WHAT IS EXPECTED: Retype each line below precisely and omit all images.

*** Opening of PROVIDED INFORMATION ***

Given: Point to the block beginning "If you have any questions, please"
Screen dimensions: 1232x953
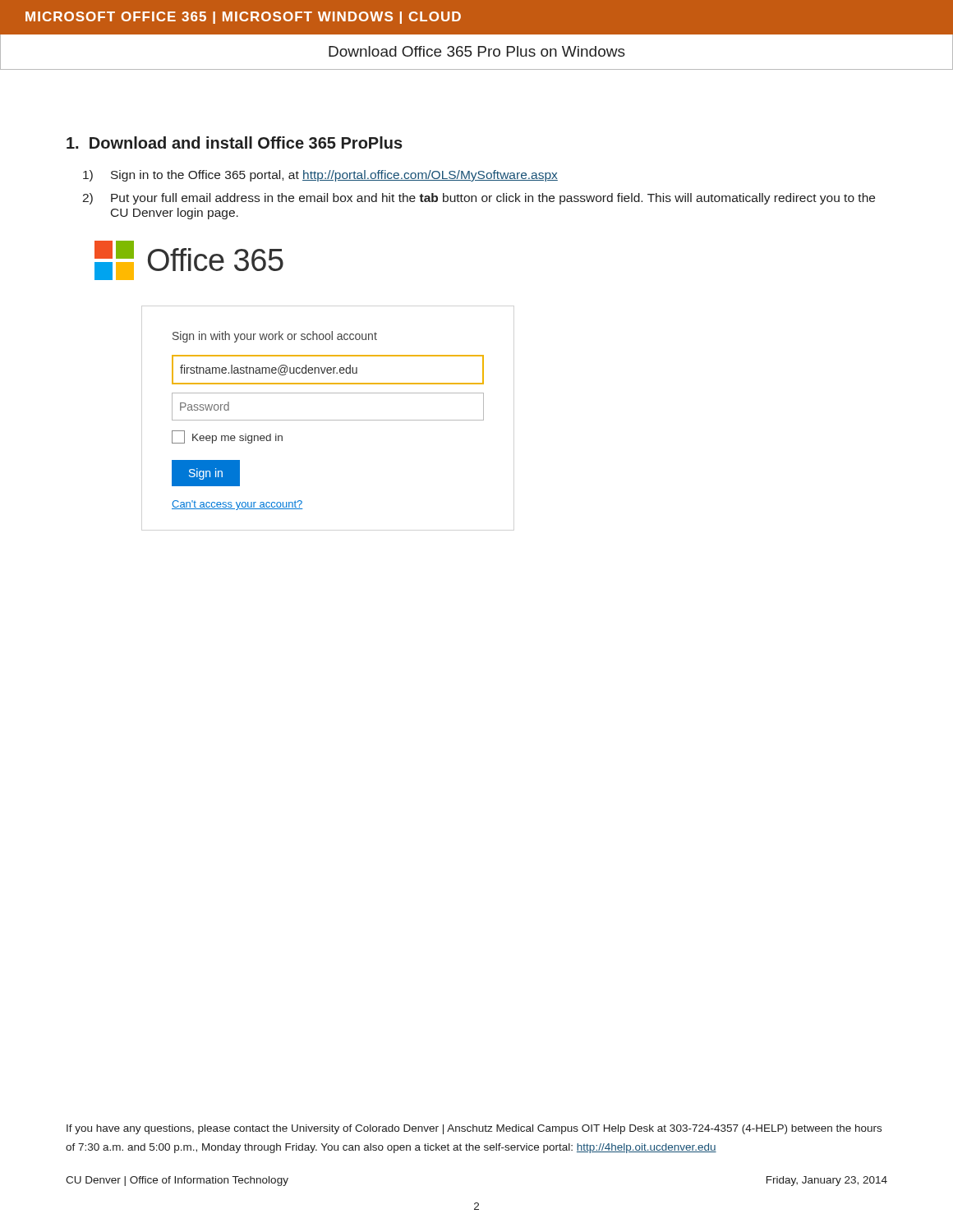Looking at the screenshot, I should (x=474, y=1138).
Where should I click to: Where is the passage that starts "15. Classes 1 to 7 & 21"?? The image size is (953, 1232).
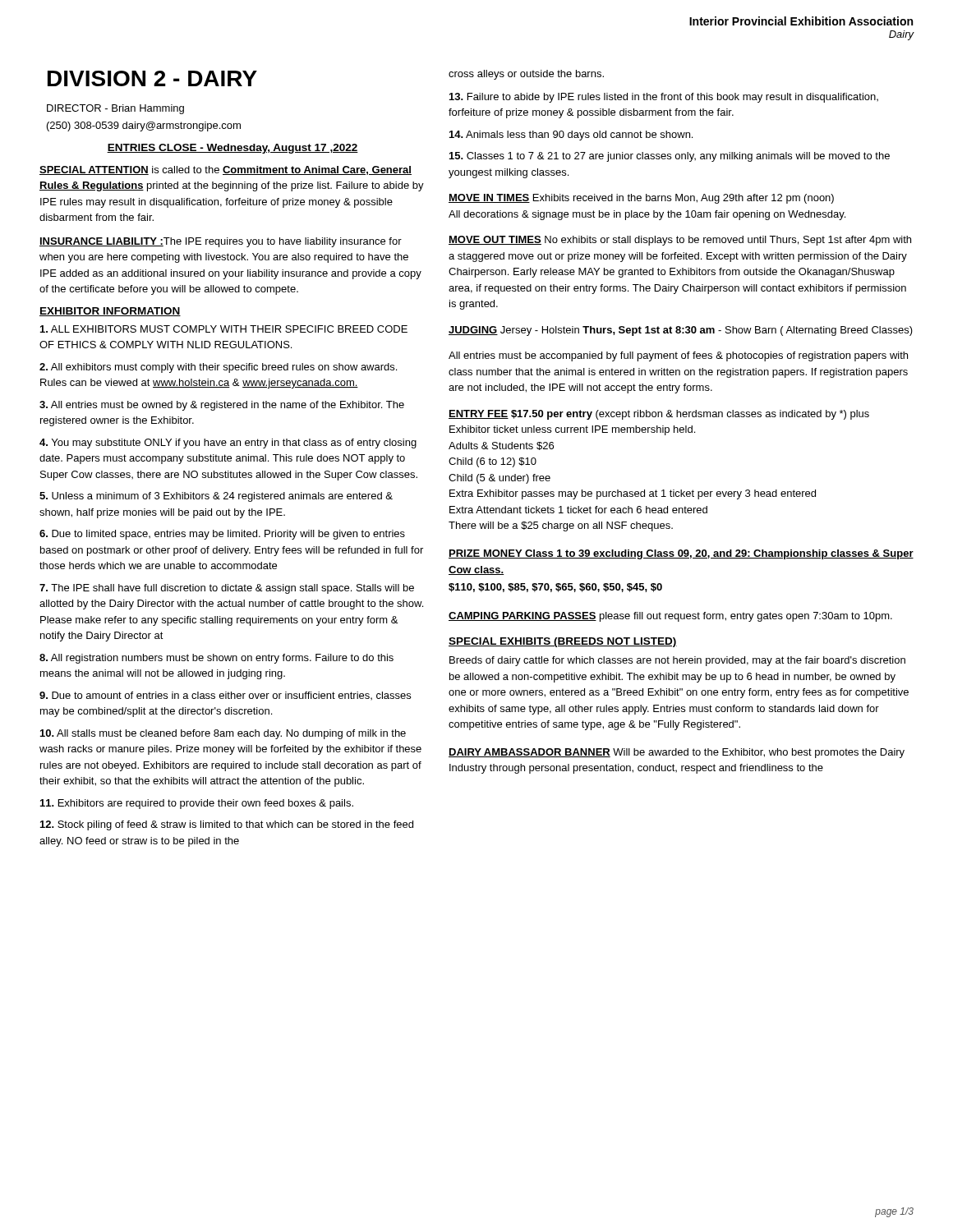click(x=669, y=164)
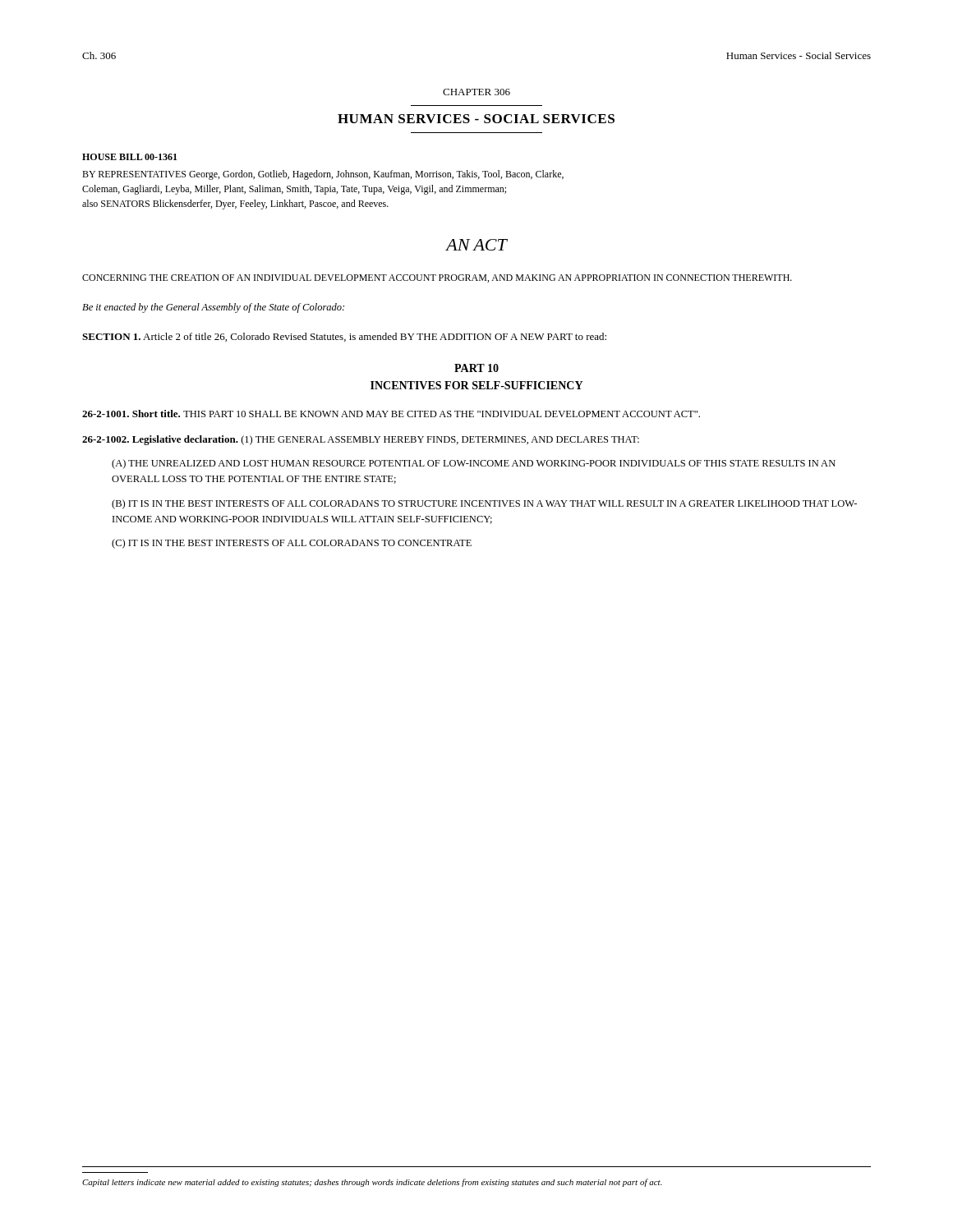Locate the block of text that opens with "CONCERNING THE CREATION OF AN INDIVIDUAL"
The height and width of the screenshot is (1232, 953).
(476, 278)

*** Close of PROVIDED INFORMATION ***

WRITTEN SOLUTION:
Given: Point to the block beginning "If you have any questions, please"
Screen dimensions: 1232x953
Looking at the screenshot, I should (x=474, y=1138).
Where should I click to: Where is the passage that starts "15. Classes 1 to 7 & 21"?? The image size is (953, 1232).
click(x=669, y=164)
Locate the block of text that opens with "CONCERNING THE CREATION OF AN INDIVIDUAL"
The height and width of the screenshot is (1232, 953).
(476, 278)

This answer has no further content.